# Civil Service question



## LawMan2545 (Mar 24, 2004)

This is just a general question. If the chief allows the HRD to send out the cards for a certain amount of positions. During that process after those who got cards sign the list, more positions open up do to retirement, firings, promotions, and lateral moves. What happens then? I assume the first process would go through, then the chief, if still allowed by the town/city, would send out more cards, and cards to those who didn't pass the first set of hiring. I am only asking because I am in the process of trying to get 1 of 3 positions. I am waiting for the oral board interview. However, 3 more spots are opening or have opened due mostly to retirement.


----------



## Guest (Jan 3, 2006)

LawMan2545 said:


> This is just a general question. If the chief allows the HRD to send out the cards for a certain amount of positions. During that process after those who got cards sign the list, more positions open up do to retirement, firings, promotions, and lateral moves. What happens then? I assume the first process would go through, then the chief, if still allowed by the town/city, would send out more cards, and cards to those who didn't pass the first set of hiring. I am only asking because I am in the process of trying to get 1 of 3 positions. I am waiting for the oral board interview. However, 3 more spots are opening or have opened due mostly to retirement.

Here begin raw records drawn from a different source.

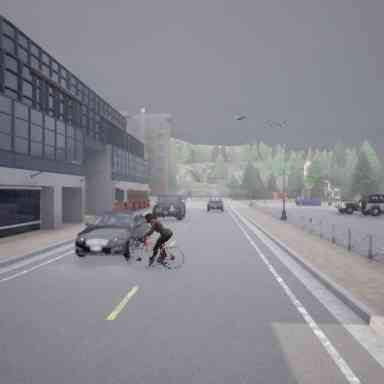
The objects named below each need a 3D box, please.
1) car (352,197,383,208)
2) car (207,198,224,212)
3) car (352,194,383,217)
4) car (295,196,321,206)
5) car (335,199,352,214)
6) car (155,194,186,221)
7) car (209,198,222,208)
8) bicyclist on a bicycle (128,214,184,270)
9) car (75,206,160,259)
[{"bbox_3d":[24.479,1.399,45.920,3.806,1.475,1.970,0,0,4],"label":"car"},{"bbox_3d":[2.768,1.491,39.472,2.128,1.511,4.902,0,0,4],"label":"car"},{"bbox_3d":[16.056,1.092,27.956,3.866,1.878,1.905,0,0,4],"label":"car"},{"bbox_3d":[17.285,1.389,49.412,3.633,1.501,1.845,0,0,4],"label":"car"},{"bbox_3d":[15.848,1.113,30.883,4.605,1.855,1.932,0,0,4],"label":"car"},{"bbox_3d":[-1.758,1.223,27.561,2.150,2.045,5.566,0,0,4],"label":"car"},{"bbox_3d":[3.488,1.601,49.765,1.895,1.301,4.718,0,0,4],"label":"car"},{"bbox_3d":[-1.053,1.453,9.573,1.656,1.620,0.582,-2,0,4],"label":"bicyclist on a bicycle"},{"bbox_3d":[-2.814,1.492,12.791,2.128,1.511,4.902,0,0,4],"label":"car"}]
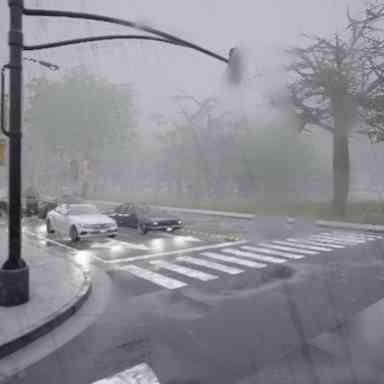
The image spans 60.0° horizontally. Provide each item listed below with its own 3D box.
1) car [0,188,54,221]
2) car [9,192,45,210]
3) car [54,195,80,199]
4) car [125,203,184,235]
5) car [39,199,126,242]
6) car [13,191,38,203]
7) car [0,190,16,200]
[{"bbox_3d":[-11.515,0.750,22.314,2.150,2.045,5.566,0,1,-41],"label":"car"},{"bbox_3d":[-16.213,0.800,32.510,1.882,1.535,5.008,0,1,-41],"label":"car"},{"bbox_3d":[-9.175,1.033,24.569,1.837,1.490,4.892,0,1,-42],"label":"car"},{"bbox_3d":[-2.691,1.269,17.317,2.033,1.411,5.357,0,1,-39],"label":"car"},{"bbox_3d":[-5.099,1.245,15.054,1.812,1.442,4.674,0,1,-42],"label":"car"},{"bbox_3d":[-22.447,0.597,44.706,1.812,1.442,4.674,0,1,-42],"label":"car"},{"bbox_3d":[-29.302,0.400,52.429,1.812,1.442,4.674,0,1,-42],"label":"car"}]
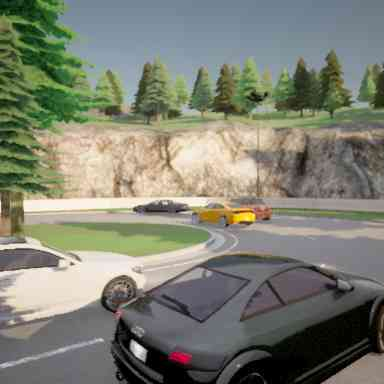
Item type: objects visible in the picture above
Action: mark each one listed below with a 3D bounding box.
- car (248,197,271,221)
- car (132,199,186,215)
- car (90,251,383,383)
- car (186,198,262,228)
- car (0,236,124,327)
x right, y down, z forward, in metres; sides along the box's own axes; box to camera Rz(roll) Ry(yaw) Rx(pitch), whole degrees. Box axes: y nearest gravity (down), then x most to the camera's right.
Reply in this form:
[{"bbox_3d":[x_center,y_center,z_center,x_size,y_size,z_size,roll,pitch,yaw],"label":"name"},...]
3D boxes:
[{"bbox_3d":[3.544,1.220,24.774,2.097,1.767,4.553,-1,1,-40],"label":"car"},{"bbox_3d":[-2.988,1.425,32.080,5.357,1.411,2.033,0,0,12],"label":"car"},{"bbox_3d":[1.052,1.539,4.552,4.181,1.385,1.994,-1,0,-37],"label":"car"},{"bbox_3d":[1.879,1.371,21.495,1.882,1.535,5.008,1,0,-32],"label":"car"},{"bbox_3d":[-3.094,1.521,5.878,4.674,1.442,1.812,0,0,-37],"label":"car"}]
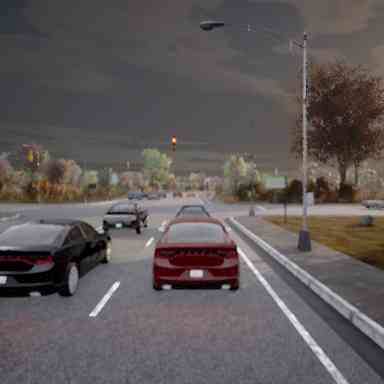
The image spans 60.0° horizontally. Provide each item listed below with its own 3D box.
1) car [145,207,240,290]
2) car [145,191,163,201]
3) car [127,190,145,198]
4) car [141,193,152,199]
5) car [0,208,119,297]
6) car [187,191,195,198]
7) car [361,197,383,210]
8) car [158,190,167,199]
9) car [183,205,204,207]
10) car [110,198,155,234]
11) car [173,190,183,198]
[{"bbox_3d":[0.080,1.392,8.854,1.882,1.535,5.008,0,0,0],"label":"car"},{"bbox_3d":[-7.201,0.963,62.909,1.994,1.385,4.181,0,1,0],"label":"car"},{"bbox_3d":[-10.696,0.618,62.926,2.150,2.045,5.566,0,1,0],"label":"car"},{"bbox_3d":[-10.697,0.846,78.448,1.895,1.301,4.718,0,1,0],"label":"car"},{"bbox_3d":[-3.418,1.396,8.380,1.882,1.535,5.008,0,0,0],"label":"car"},{"bbox_3d":[-0.211,0.528,86.042,2.097,1.767,4.553,0,1,0],"label":"car"},{"bbox_3d":[21.437,1.244,36.812,4.718,1.301,1.895,0,1,3],"label":"car"},{"bbox_3d":[-7.196,0.481,78.009,2.150,2.045,5.566,0,1,0],"label":"car"},{"bbox_3d":[0.059,1.393,17.843,1.994,1.385,4.181,0,1,0],"label":"car"},{"bbox_3d":[-3.436,1.320,17.865,2.128,1.511,4.902,0,1,-1],"label":"car"},{"bbox_3d":[-3.711,0.400,85.676,2.150,2.045,5.566,0,1,0],"label":"car"}]
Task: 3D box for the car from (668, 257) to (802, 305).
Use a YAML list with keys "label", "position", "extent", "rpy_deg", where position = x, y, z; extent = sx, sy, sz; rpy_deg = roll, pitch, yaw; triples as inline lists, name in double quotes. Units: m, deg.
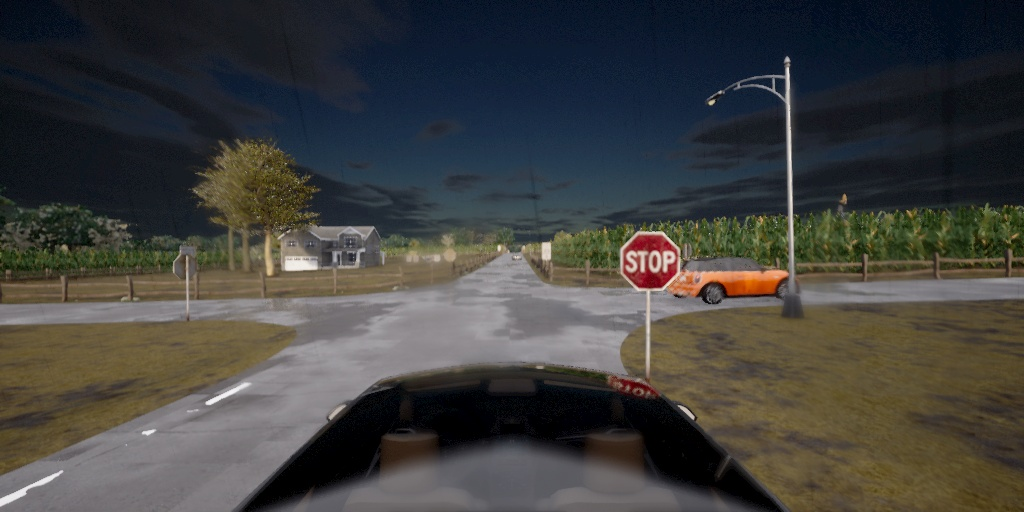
- label: "car"
  position: [8.615, 0.815, 13.982]
  extent: [4.553, 1.767, 2.097]
  rpy_deg: [-2, 1, -8]
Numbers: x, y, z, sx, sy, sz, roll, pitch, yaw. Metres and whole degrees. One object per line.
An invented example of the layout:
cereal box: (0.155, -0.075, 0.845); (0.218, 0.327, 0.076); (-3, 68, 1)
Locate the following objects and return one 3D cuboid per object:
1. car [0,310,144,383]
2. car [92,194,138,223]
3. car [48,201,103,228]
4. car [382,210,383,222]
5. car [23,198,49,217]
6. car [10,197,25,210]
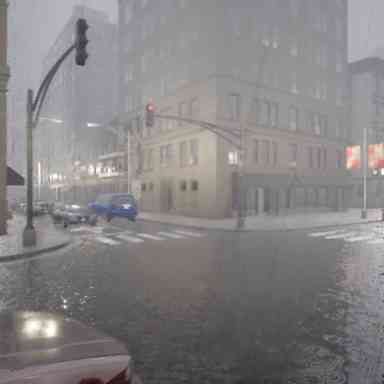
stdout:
car: (-2.926, 1.547, 1.948); (5.357, 1.411, 2.033); (0, 0, -44)
car: (-6.094, 1.152, 25.074); (2.150, 2.045, 5.566); (0, 0, -36)
car: (-7.727, 1.497, 21.759); (1.994, 1.385, 4.181); (0, 0, -36)
car: (14.961, 1.232, 22.338); (5.566, 2.045, 2.150); (0, 0, -37)
car: (-13.524, 1.457, 29.899); (1.994, 1.385, 4.181); (0, 0, -35)
car: (-21.246, 1.333, 40.757); (2.128, 1.511, 4.902); (0, 0, -35)
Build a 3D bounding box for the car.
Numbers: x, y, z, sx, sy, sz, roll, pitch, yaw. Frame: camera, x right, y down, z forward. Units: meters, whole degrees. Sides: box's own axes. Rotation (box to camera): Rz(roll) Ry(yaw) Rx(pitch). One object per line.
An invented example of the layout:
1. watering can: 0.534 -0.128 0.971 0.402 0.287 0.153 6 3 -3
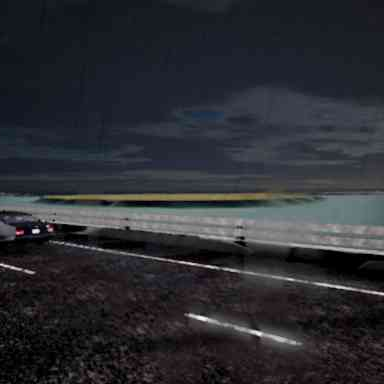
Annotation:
1. car: -7.912 1.519 13.984 5.357 1.411 2.033 0 0 36
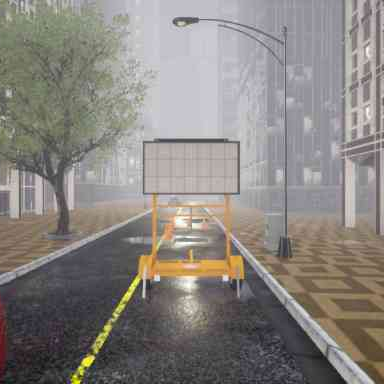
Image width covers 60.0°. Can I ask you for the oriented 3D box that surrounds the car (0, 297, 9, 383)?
[{"bbox_3d":[-2.851,1.477,1.422,1.882,1.535,5.008,0,0,0],"label":"car"}]

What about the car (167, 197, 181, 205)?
[{"bbox_3d":[-2.870,1.576,53.377,1.812,1.442,4.674,0,0,0],"label":"car"}]

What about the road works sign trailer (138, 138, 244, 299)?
[{"bbox_3d":[-0.019,0.464,8.414,2.380,3.560,2.880,0,0,0],"label":"road works sign trailer"}]

THOSE OTHER 3 SPOTS ARE OPEN TO YOU ...GOOD LUCK.


----------



## 7MPOC (Mar 16, 2004)

Your in the running for 1 of three positions, which tells me The department requistioned for 3 postions, (2n+1) equal the top 5 people got a card in the mail. Now, 3 more slots open, the department sends a requisition for 3 more spots, (2n+1) the the next 5 get a card in the mail slots 6-10. Because you already recieved a card you are on the certification for the original 1st 3 slots. Unless the town cancelled the initial request and requisitioned for 6 slots total, hence the top 13 people would recieve a card. Its quite complex, but I dont know how you could be selected for the additional slots because your name would not be on the second certification that the town recieves from Civil Service.


----------